Pour clôturer en beauté sa trentième édition, le Tourcoing Jazz Festival s’est orné de trois bougies venues d’horizons différents, sur une même scène, dédiée aux belles voix marquées et aux univers très personnels. Pendant 45 minutes chacune, Dom La Nena la brésilienne, Lianne La Havas l’anglaise et Selah Sue la belge se sont succédées pour des concerts solo, sous l’intitulé "One night with", rivalisant de joliesse et de bonnes ondes.
La nuit commence donc avec cette demoiselle du sud ; brésilienne ayant vécu à Paris et à Buenos Aires, Dom La Nena pirouette aussi parmi les langues, les instruments. Elle promène ses ballades douces autour d’un violoncelle, un bracelet de grelots à son pied, un ukulélé, des percussions, des boucles de son, et tout ça tempête parfois, s’emporte et devient fou, et le public se lève pour une "petite salsa" et elle poursuit la danse avec des reprises, dont celle de "Des coups, des coeurs" des magnifiques Mansfield Tya, brutalisant debout son violoncelle.
Quand elle chante en portugais, c’est étonnant cette langue si sobre, sombre, et cette tessiture de toute jeune fille mélangées, mais la fraîcheur des 27 ans de cette elfe d’ambre prend le pas sur tout le reste quand il est question de spectacle, elle se régale dans un français sans accent, d’échanger, d’inviter, de raconter. Fraîcheur de vivre, et beaucoup de professionnalisme. N’y a-t-il pas un petit système derrière ceci ? Une petite impression de trop préparé, trop propre, très appliqué. Mais qui fonctionne, ça va de soi.

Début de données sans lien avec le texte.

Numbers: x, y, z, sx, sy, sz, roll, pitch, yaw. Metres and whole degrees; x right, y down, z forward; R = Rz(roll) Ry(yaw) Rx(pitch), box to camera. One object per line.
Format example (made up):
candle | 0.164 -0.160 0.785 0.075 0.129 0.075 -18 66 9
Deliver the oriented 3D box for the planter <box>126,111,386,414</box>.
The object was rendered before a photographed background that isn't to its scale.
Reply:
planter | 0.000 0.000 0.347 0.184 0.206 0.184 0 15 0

Puis vint Lianne La Havas. Très grande et splendide jeune femme (27 ans aussi ! mais on ne les croirait pas de la même génération). Un port royal, un toucher de guitare blues à souhait, qu’elle accompagne de sa voix soul, une voix qui a sacrément de coffre. Et on se souvient alors que ce sont des concerts solo en fait. Le premier se trouvait finalement ornementé de plein d’interventions, d’enregistrement certes faits sur l’instant, mais donnant l’impression d’un groupe invisible sans l’osmose, alors que là c’est dépouillé : sa gratte et son couteau enfin, son organe. Le public réchauffé par la première partie suit et répond au moindre claquement de doigts, encouragé par les sourires épanouis de la Lianne. Elle enchaîne les titres, très différents de ses sets en groupe, gagnant ce qu’ils ont délaissé d’arrangements "Rn’B". Son titre "Unstoppable", dénudé de ses nappes un peu guimauves, c’est quand même mieux. Reconnaissons qu’à la longue, arpèges et vocalises, vocalises et arpèges, ça en touche une sans trop faire bouger l’autre (oreille, ça va de soi).

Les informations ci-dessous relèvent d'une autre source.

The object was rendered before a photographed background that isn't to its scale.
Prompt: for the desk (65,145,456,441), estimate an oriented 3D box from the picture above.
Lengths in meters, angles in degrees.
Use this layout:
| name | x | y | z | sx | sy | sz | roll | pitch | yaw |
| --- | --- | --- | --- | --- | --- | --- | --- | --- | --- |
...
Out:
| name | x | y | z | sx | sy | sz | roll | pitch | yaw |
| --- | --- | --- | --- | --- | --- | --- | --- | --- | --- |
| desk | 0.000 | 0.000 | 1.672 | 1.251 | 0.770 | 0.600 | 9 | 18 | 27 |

Et enfin Selah Sue fit son entrée. "Enfin" parce que manifestement elle n’a que des amoureux dans la salle. Encore une jeune femme pleine de bonnes intentions (attendez… ah oui : 27 ans ! C’est une thématique ?).

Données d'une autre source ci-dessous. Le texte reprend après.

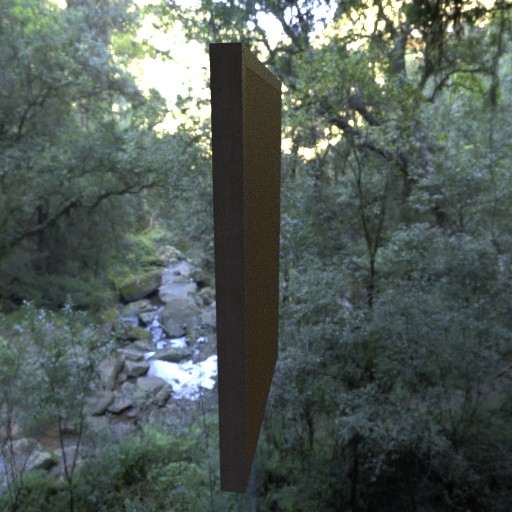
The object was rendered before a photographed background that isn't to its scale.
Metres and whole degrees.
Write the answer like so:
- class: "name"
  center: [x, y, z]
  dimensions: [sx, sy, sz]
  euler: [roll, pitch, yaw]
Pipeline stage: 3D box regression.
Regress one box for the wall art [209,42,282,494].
- class: "wall art"
  center: [0.000, 0.000, 0.648]
  dimensions: [0.031, 0.509, 0.356]
  euler: [3, 16, 9]

On retrouve sa voix groove, qu’elle accompagne à la guitare, et un tout petit intrus s’est glissé dans le programme solo : un homme derrière un piano, mais en fait la mignonne nous apprendra que c’est sa moitié alors on dira que ça passe, le compte y est. Des trois c’est peut-être celle qui donne le plus directement, le plus simplement, le plus premier degré. Mais la nature de ses compositions n’est peut-être pas inconnue à cette impression : derrière des tubes "neo-soul", il y a parfois des titres originellement plus "down tempo", qu’elle dit préférer (pour "Alone" par exemple) et dont elle nous donne ici un aperçu. Et on se dit que le marketing, c’est décidément le mal. Instant Confessions intimes quand elle dédicace un titre à sa môman, annonçant qu’elle va tenter de suivre son exemple en dévoilant son profil arrondi "en exclusivité". Selah Sue, elle donne l’impression d’être une fille sympa ; et c’est pas le parterre de transies et transis qui va nous contredire. Ça va de… vous me suivez.
Alors résumons-nous : une soirée qui n’aurait peut-être pas totalement plu à "ceux qui aiment le jazz et ses kilomètres de phrases", mais qui a manifestement trouvé son public pour ce dernier soir de festival, présentant des artistes accomplies ou pas tout à fait, mais de toutes façons prometteuses et permettant de vivre des moments touchants, avec l’espoir que la prochaine fois on aura droit à un peu plus de tripes à l’air, obscènes que nous sommes. Longue longue vie à ce festival de Tourcoing et que tous nous grandissions avec lui.